┌────────
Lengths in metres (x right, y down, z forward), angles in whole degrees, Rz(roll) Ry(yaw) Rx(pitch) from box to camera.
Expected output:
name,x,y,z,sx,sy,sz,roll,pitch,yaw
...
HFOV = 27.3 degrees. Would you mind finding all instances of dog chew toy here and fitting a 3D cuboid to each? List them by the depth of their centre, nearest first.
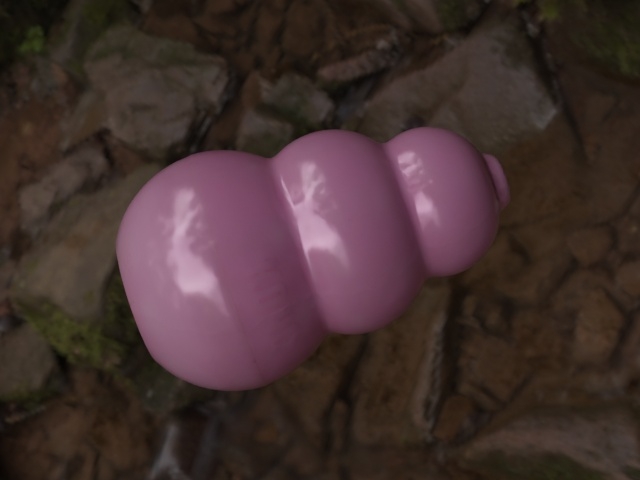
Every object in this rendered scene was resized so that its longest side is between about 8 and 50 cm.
└────────
┌────────
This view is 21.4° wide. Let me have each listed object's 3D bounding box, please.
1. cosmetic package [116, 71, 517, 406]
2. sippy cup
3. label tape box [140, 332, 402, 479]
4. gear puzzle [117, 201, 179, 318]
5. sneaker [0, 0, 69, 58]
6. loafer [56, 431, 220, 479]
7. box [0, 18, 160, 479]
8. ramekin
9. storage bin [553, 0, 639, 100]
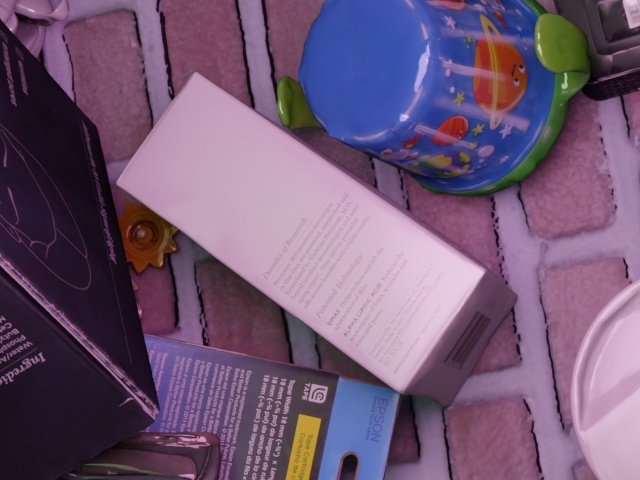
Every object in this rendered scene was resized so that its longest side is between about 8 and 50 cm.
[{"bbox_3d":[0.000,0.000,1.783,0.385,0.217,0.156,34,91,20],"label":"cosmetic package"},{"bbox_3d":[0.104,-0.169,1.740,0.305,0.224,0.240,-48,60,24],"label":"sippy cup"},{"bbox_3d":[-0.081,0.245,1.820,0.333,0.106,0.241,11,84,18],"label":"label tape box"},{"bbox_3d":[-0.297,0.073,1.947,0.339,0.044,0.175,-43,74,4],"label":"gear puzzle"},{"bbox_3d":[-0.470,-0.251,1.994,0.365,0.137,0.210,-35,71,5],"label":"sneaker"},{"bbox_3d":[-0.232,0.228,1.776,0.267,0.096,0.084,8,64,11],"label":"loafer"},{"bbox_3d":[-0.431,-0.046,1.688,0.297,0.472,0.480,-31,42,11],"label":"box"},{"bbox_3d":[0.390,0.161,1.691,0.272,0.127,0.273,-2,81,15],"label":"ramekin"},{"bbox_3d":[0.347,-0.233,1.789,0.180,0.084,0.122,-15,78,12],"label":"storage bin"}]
└────────
Above are records; repeat only the lines starting at the line with "2. sippy cup" and ending at the line with "9. storage bin [553, 0, 639, 100]", exactly as they appear, both included.

2. sippy cup
3. label tape box [140, 332, 402, 479]
4. gear puzzle [117, 201, 179, 318]
5. sneaker [0, 0, 69, 58]
6. loafer [56, 431, 220, 479]
7. box [0, 18, 160, 479]
8. ramekin
9. storage bin [553, 0, 639, 100]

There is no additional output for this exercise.